八月三十一日。その日、一台の車が花園学園の校門をくぐった。それは中旬に行方をくらました旅するアイドルの拠点だった。

「ミソラとアイカちゃんのその腕につけているのって何?」

「これね、ちょっとした願掛けかな。暇だったときにアイカさんと作ったのよ」

 ミソラとアイカの腕にブレスレットの形をしたものが付いていた。ミソラは左腕、アイカは右腕だ。手首の上辺りに謎のマークが描かれていて、該当するアクセサリーが思いつかない様子だ。ミソラは言った。

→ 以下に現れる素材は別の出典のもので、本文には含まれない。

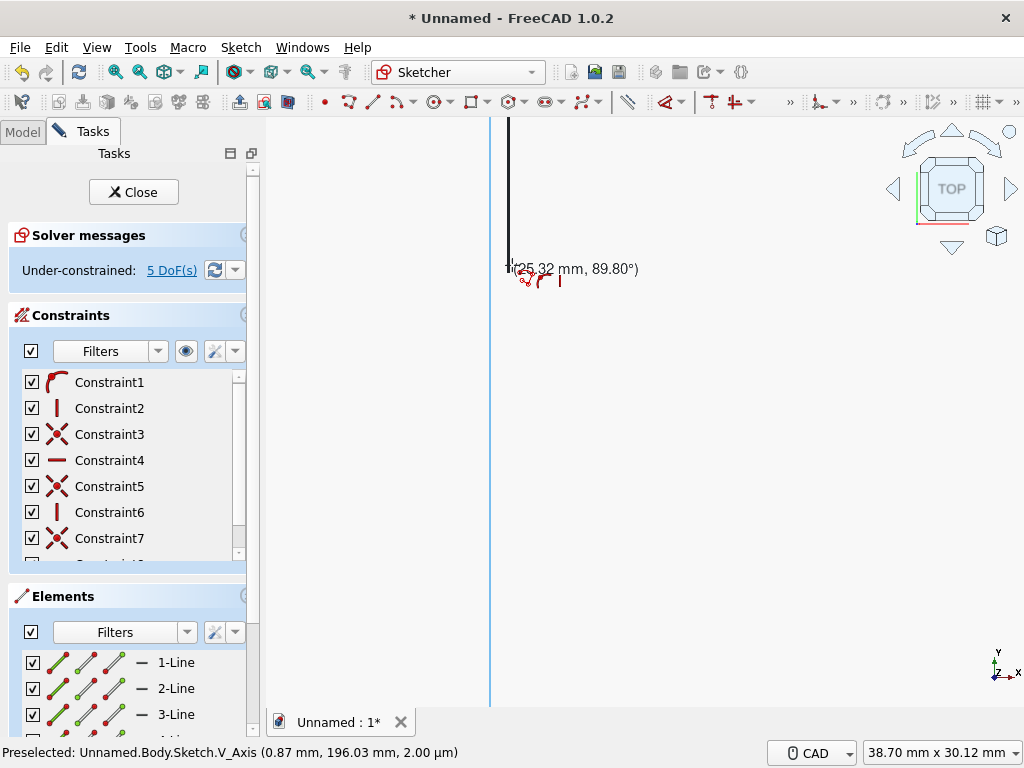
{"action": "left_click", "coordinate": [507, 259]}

「それより、こっちからのアプローチって、番組側からどう認識されるものかしら」

「どうだろう。でも、わざわざこの場面を逃すとは思わないかな。しかも卒業式を生配信だから、なおさらだと思う」

 ちょうど生活スペースへの扉が目の前で停まった。助手席から大空ヒトミが降りてきて、旧来の知人のような態度を見せた。

「あのときはごめんねえ。ちゃんと反省しているのよ。これでも」

 それから運転席から出てきたユズリハが頭を下げた。ヒトミは生活スペースの扉の取っ手を掴んだ。

「お客様を連れてきたの。最大の感動を与えるから、ハンカチの用意はいいかしら?」

 彼女が横引の扉を引っ張ると、何者かが中で立っていた。ミソラが一歩前へ出て姿を確かめた。

「……ユキナ、さん」

「……はい、ご心配をおかけしました。ただいま、ミソラさん」

 そうして二人は駆け寄って熱い抱擁を交わした。感動の再会にノアとスミカが涙ぐみ、その場が感動の嵐に包まれていた。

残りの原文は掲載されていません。